T. Ramadan. - Non, je n’y crois pas. Mais je n’exclus pas qu’il y ait pu avoir des connexions plus complexes que celles qu’on nous propose. Et la crainte que j’ai aujourd’hui, c’est que le flou qui subsiste quant aux faits aboutisse dans le monde musulman à éviter l’autocritique nécessaire. Ce qui m’intéresse au premier chef, ce n’est pas de savoir qui a fait le coup, mais de savoir qu’il y a potentiellement, chez les musulmans, des gens capables de faire cela.

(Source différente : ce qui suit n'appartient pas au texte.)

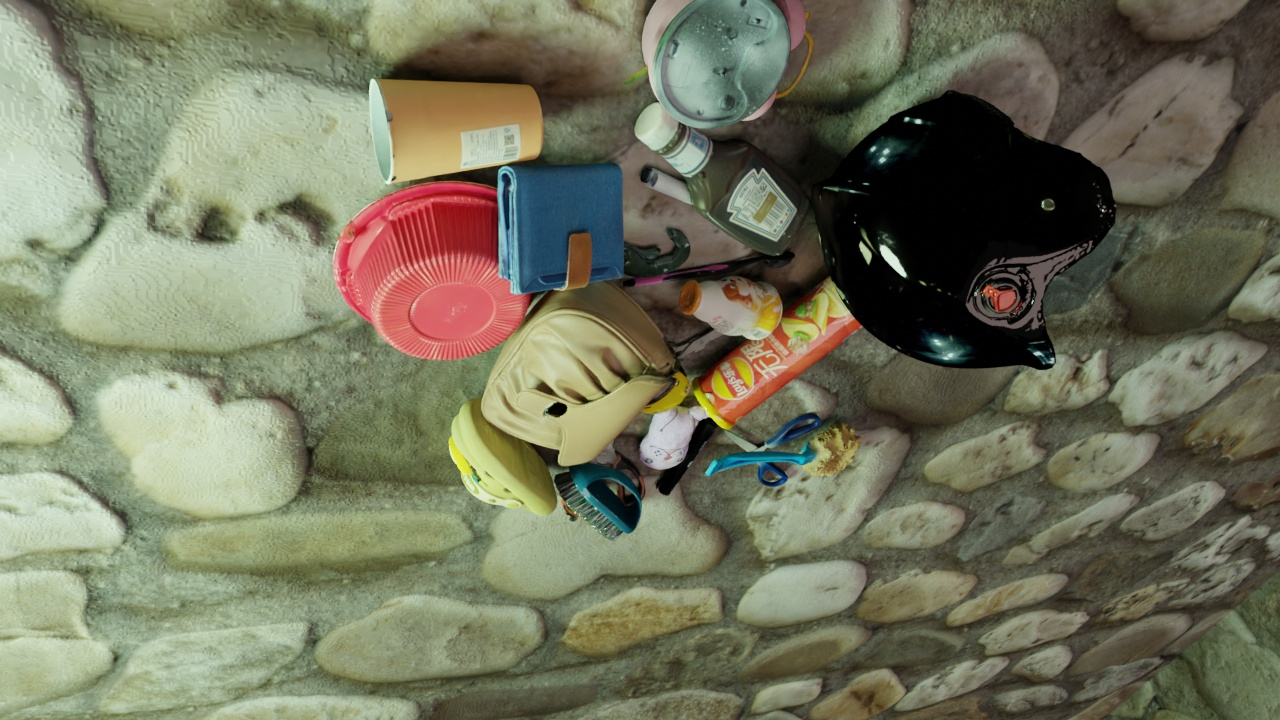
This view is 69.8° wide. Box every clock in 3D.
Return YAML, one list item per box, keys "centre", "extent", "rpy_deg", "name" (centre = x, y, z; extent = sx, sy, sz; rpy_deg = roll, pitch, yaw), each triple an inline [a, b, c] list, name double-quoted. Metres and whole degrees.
- centre: [0.074, -0.253, 0.753]
  extent: [0.158, 0.059, 0.117]
  rpy_deg: [3, 130, -25]
  name: "clock"

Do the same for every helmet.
- centre: [0.290, -0.108, 0.860]
  extent: [0.230, 0.233, 0.275]
  rpy_deg: [-15, 100, 10]
  name: "helmet"

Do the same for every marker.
- centre: [0.057, 0.119, 1.144]
  extent: [0.022, 0.020, 0.132]
  rpy_deg: [26, 123, -7]
  name: "marker"
- centre: [0.054, -0.153, 0.871]
  extent: [0.130, 0.022, 0.018]
  rpy_deg: [15, 162, -36]
  name: "marker"

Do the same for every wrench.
- centre: [-0.075, -0.111, 0.856]
  extent: [0.273, 0.016, 0.056]
  rpy_deg: [4, 130, -28]
  name: "wrench"

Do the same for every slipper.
- centre: [-0.156, 0.120, 0.997]
  extent: [0.082, 0.091, 0.190]
  rpy_deg: [-27, 141, 6]
  name: "slipper"

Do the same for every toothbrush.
- centre: [0.072, -0.092, 0.946]
  extent: [0.189, 0.014, 0.018]
  rpy_deg: [-11, 148, -14]
  name: "toothbrush"

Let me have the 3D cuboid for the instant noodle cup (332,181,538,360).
- centre: [-0.168, -0.064, 0.807]
  extent: [0.193, 0.065, 0.194]
  rpy_deg: [-12, 143, -9]
  name: "instant noodle cup"

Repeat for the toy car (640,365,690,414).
- centre: [-0.006, 0.006, 0.970]
  extent: [0.071, 0.041, 0.156]
  rpy_deg: [-38, 123, 15]
  name: "toy car"

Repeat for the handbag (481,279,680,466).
- centre: [-0.065, 0.020, 0.888]
  extent: [0.147, 0.099, 0.205]
  rpy_deg: [30, 134, -12]
  name: "handbag"

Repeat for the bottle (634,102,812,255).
- centre: [0.075, -0.169, 0.842]
  extent: [0.194, 0.044, 0.080]
  rpy_deg: [29, 96, -36]
  name: "bottle"

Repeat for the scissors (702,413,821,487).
- centre: [0.162, 0.117, 1.194]
  extent: [0.162, 0.012, 0.172]
  rpy_deg: [-38, 136, 14]
  name: "scissors"

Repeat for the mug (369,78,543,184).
- centre: [-0.142, -0.182, 0.716]
  extent: [0.122, 0.078, 0.078]
  rpy_deg: [-10, 135, -22]
  name: "mug"

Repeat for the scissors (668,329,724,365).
- centre: [0.066, -0.014, 1.022]
  extent: [0.174, 0.014, 0.137]
  rpy_deg: [-4, 132, -23]
  name: "scissors"

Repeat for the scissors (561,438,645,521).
- centre: [-0.050, 0.125, 1.102]
  extent: [0.195, 0.015, 0.216]
  rpy_deg: [23, 120, -39]
  name: "scissors"

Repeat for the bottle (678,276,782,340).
- centre: [0.093, -0.057, 0.952]
  extent: [0.108, 0.063, 0.063]
  rpy_deg: [8, 128, -32]
  name: "bottle"

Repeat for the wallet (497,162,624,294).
- centre: [-0.064, -0.114, 0.784]
  extent: [0.132, 0.040, 0.106]
  rpy_deg: [-15, 110, -47]
  name: "wallet"

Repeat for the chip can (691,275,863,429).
- centre: [0.160, -0.014, 1.022]
  extent: [0.217, 0.073, 0.073]
  rpy_deg: [-39, 136, 13]
  name: "chip can"

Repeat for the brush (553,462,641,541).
- centre: [-0.041, 0.163, 1.091]
  extent: [0.073, 0.055, 0.144]
  rpy_deg: [-31, 136, 8]
  name: "brush"

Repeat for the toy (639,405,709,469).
- centre: [0.037, 0.089, 1.088]
  extent: [0.083, 0.039, 0.108]
  rpy_deg: [4, 130, -20]
  name: "toy"

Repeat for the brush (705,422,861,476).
- centre: [0.184, 0.121, 1.158]
  extent: [0.254, 0.046, 0.083]
  rpy_deg: [-2, 136, -35]
  name: "brush"

Dariush Shayegan. - Je crois aussi, même si toutes les preuves ne sont pas réunies, qu’il y a une grande probabilité que ce soient les réseaux islamiques liés à Ben Laden. Et que ces événements sont une manifestation de la crise qui agite l’ensemble du monde islamique. Elle a démarré dans les années 20, explosé avec la révolution iranienne de 1979, puis s’est répandue un peu partout - car lorsque l’islam devient révolutionnaire, qu’il soit sunnite ou chiite, cela se ressemble beaucoup. A la source, il y a l’instrumentalisation de l’islam à des fins politiques. On a fait de l’islam une idéologie militante révolutionnaire. On a confondu messianisme et histoire.
T. Ramadan. - L’autocritique à laquelle j’appelle commence par une étude sur l’Histoire. Car la violence n’est pas récente. Elle est présente très tôt, avec le mouvement des kharidjites. Un événement comme celui-ci doit nous pousser à une relecture de notre propre Histoire, car on ne peut pas construire son avenir si on néglige cette mémoire. Il nous faut ensuite nous pencher sur ce qui est une des grandes faiblesses dans le monde musulman : c’est l’absence de dialogue intracommunautaire. Il y a de nombreux courants, mais on ne se parle pas. Je ne crois pas, contrairement à certains, qu’il y ait des islams. Nous avons une appartenance commune, définie par le rapport à des textes que nous citons tous, le Coran et la Sunna, mais que nous lisons et interprétons différemment. Donc une multiplicité de tendances, de courants, liés à l’Histoire, à l’intelligence des gens... Je ne suis pas du genre à dire que le radicalisme naît uniquement dans les taudis.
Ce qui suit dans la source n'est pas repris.